» YOUR INSTRUCTIONS
Start at the line below containing "2. car [1809, 567, 1919, 1199]" and stop at the line containing "9. trailer [1246, 287, 1919, 1096]". Repeat every line of that stretch exactly, and nothing outside it.

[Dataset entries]
^^^^^^^^

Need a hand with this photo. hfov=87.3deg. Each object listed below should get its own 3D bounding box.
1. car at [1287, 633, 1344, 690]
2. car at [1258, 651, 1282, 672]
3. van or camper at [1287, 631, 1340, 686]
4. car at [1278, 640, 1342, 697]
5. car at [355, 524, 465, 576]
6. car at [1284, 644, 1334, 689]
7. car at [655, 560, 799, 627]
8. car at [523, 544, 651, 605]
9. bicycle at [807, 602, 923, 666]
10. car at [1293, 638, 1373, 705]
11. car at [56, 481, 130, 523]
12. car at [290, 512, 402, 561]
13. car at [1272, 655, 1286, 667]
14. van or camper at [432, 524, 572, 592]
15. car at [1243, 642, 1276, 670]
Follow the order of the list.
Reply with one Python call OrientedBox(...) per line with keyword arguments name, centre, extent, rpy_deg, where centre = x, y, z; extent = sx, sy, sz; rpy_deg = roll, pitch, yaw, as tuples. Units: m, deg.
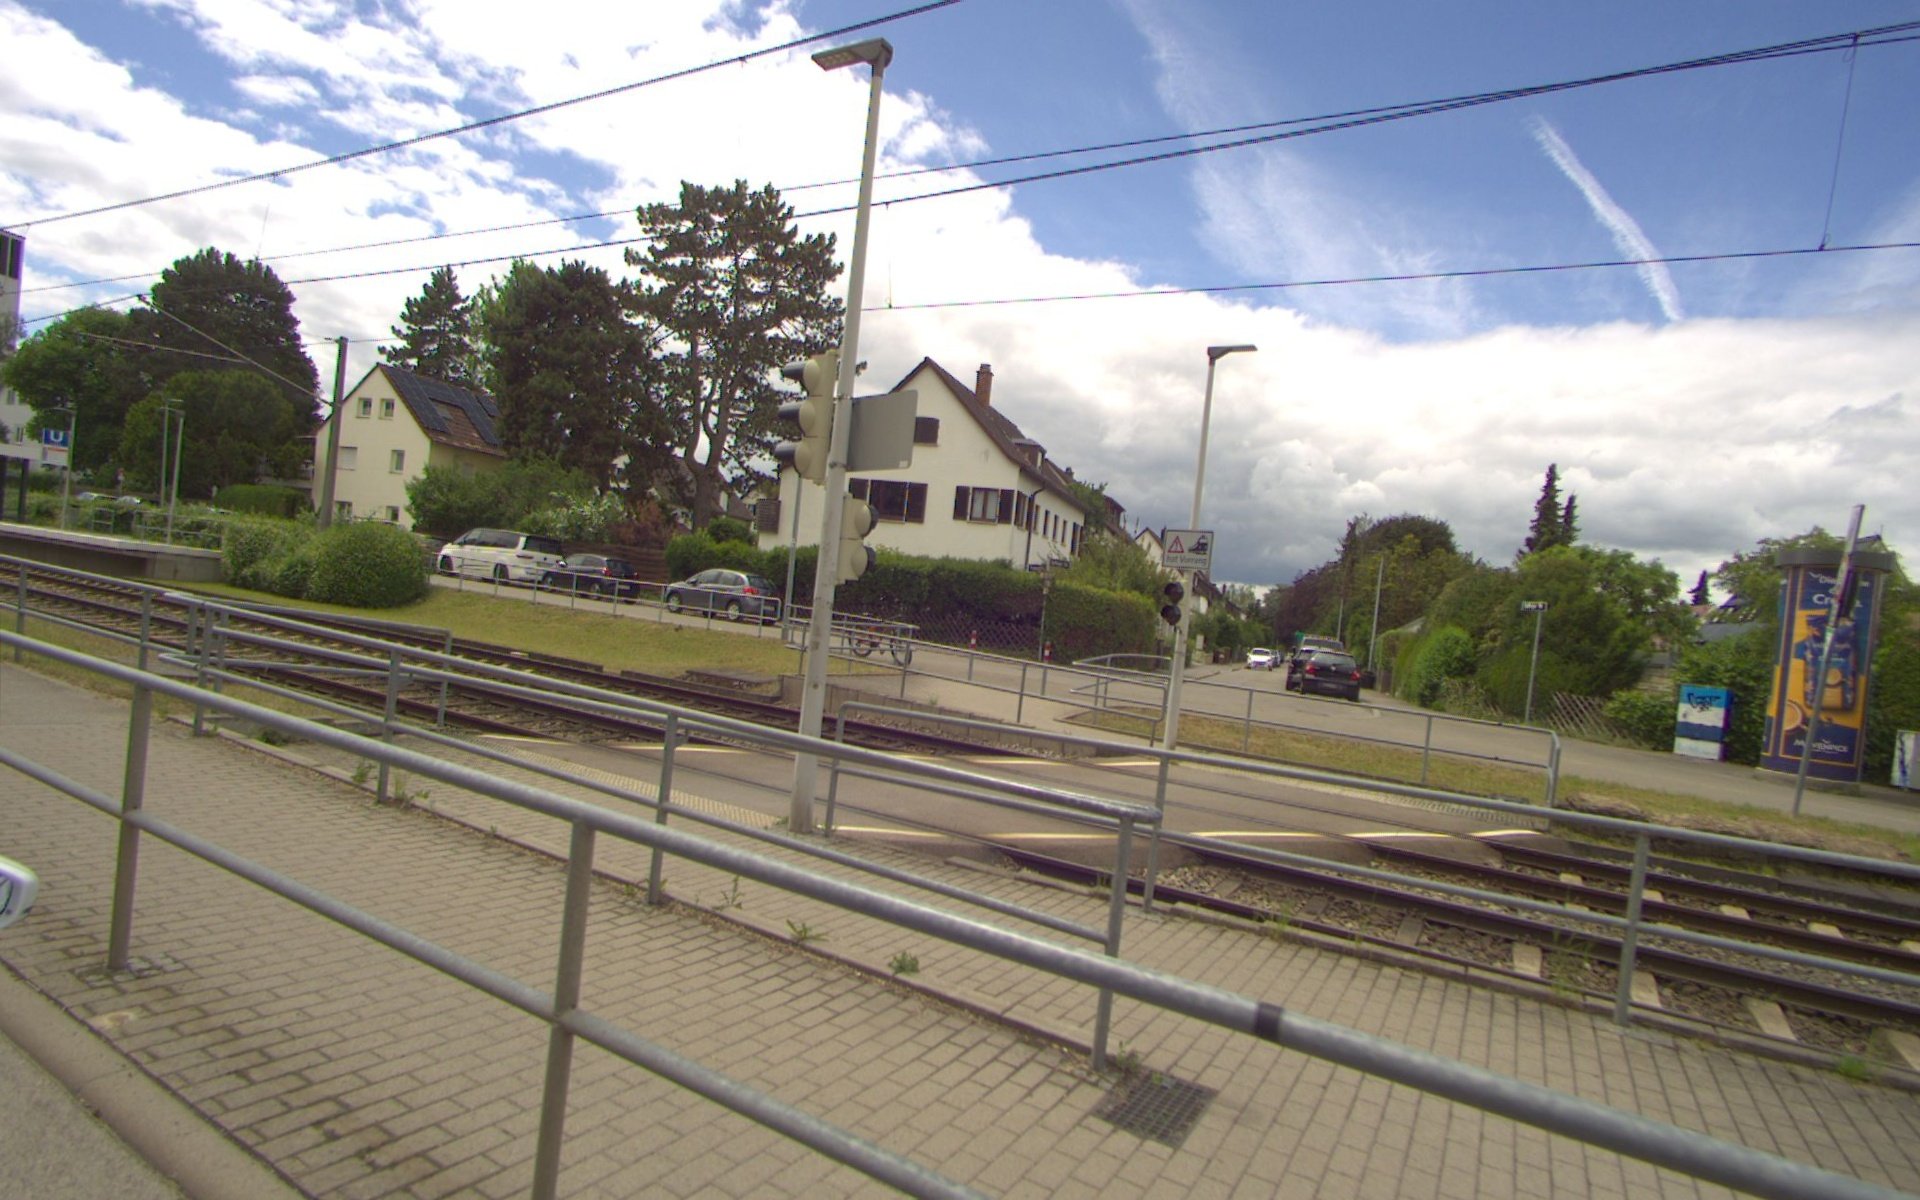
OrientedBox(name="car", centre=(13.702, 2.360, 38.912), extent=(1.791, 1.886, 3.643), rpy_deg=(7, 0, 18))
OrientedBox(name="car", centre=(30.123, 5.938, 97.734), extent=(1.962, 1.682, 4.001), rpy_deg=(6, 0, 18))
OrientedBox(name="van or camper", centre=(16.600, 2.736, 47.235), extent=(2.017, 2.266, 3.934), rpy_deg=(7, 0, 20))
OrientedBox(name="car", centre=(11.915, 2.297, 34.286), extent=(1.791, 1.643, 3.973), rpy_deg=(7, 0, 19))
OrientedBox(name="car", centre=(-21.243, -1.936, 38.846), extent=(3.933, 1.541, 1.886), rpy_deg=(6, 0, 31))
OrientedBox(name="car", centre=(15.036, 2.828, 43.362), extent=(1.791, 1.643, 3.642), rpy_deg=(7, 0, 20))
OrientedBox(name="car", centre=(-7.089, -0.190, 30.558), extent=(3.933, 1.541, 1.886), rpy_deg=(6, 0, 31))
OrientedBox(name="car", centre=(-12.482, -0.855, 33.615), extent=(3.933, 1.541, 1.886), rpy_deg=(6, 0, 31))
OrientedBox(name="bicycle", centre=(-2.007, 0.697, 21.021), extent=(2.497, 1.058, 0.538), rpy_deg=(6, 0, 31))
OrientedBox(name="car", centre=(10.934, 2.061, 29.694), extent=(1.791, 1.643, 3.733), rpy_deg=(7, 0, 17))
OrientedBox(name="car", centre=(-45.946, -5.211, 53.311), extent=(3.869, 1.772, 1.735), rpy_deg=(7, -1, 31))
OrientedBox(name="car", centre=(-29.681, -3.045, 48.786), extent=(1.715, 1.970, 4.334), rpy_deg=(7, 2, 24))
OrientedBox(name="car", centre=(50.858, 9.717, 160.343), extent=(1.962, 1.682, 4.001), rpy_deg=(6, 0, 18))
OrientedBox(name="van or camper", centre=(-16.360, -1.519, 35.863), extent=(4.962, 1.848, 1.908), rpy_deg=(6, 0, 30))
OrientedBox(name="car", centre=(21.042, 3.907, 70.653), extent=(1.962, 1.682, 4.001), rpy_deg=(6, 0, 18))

^^^^^^^^

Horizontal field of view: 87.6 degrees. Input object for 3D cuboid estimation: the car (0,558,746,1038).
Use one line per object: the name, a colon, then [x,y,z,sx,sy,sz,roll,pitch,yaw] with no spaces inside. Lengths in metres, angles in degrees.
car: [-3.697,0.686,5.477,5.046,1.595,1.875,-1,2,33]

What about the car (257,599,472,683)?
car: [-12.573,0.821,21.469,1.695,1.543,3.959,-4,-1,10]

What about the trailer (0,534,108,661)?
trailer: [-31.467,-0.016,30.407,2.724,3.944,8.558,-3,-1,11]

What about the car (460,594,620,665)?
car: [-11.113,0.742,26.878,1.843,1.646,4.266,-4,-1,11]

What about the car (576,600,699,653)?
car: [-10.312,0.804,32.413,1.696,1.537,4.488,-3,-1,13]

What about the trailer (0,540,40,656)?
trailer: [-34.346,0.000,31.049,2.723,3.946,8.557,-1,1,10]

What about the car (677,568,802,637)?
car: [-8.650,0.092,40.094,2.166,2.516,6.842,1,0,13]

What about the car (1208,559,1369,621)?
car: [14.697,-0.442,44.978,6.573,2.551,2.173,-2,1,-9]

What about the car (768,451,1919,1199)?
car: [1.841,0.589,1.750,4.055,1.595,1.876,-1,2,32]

^^^^^^^^

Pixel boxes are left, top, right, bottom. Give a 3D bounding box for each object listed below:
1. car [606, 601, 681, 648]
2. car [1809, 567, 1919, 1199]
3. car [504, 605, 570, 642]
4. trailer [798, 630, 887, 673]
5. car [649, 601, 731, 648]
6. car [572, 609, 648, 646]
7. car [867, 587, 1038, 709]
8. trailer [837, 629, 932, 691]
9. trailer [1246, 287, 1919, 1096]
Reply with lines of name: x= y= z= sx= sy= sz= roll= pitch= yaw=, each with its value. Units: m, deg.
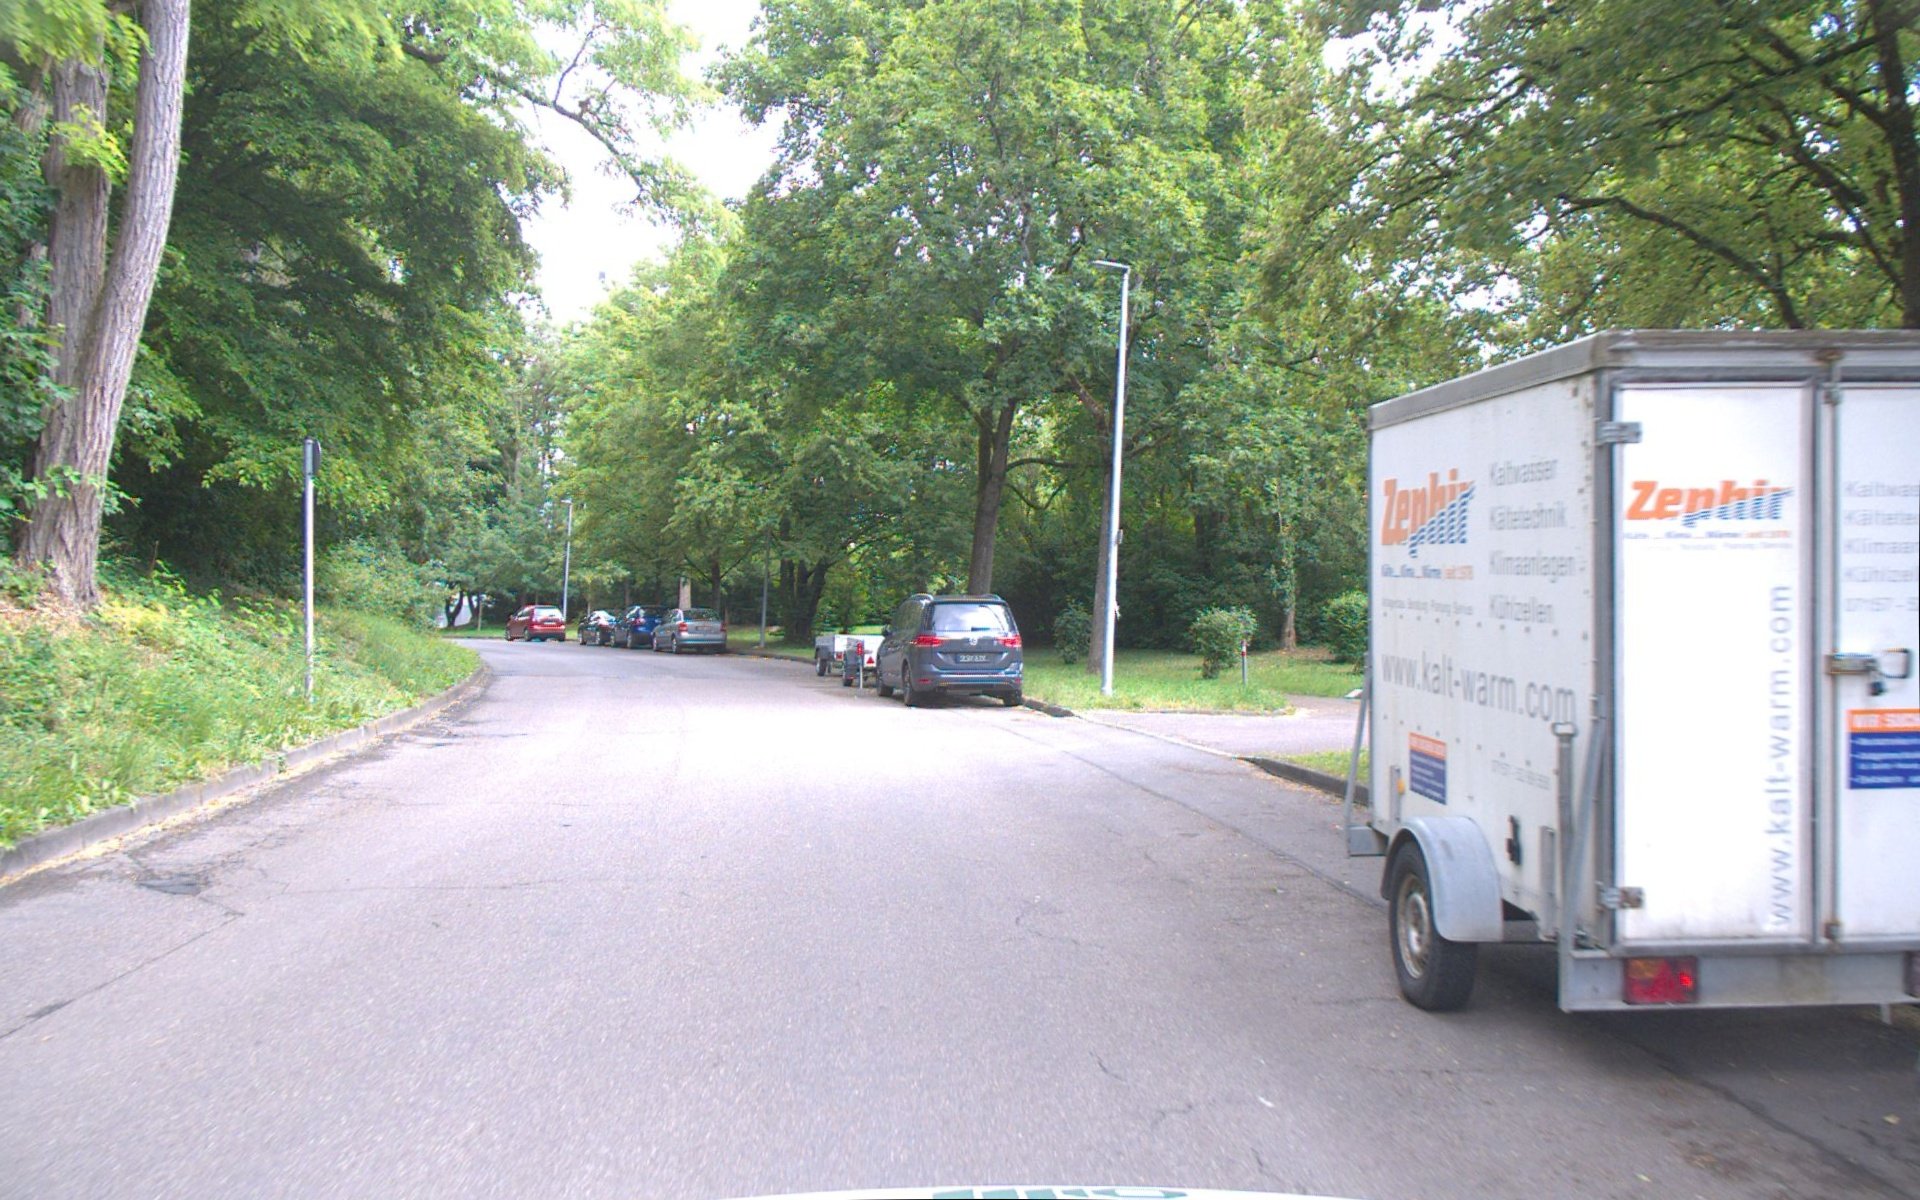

^^^^^^^^

» TASK RESULT
2. car [1809, 567, 1919, 1199]
3. car [504, 605, 570, 642]
4. trailer [798, 630, 887, 673]
5. car [649, 601, 731, 648]
6. car [572, 609, 648, 646]
7. car [867, 587, 1038, 709]
8. trailer [837, 629, 932, 691]
9. trailer [1246, 287, 1919, 1096]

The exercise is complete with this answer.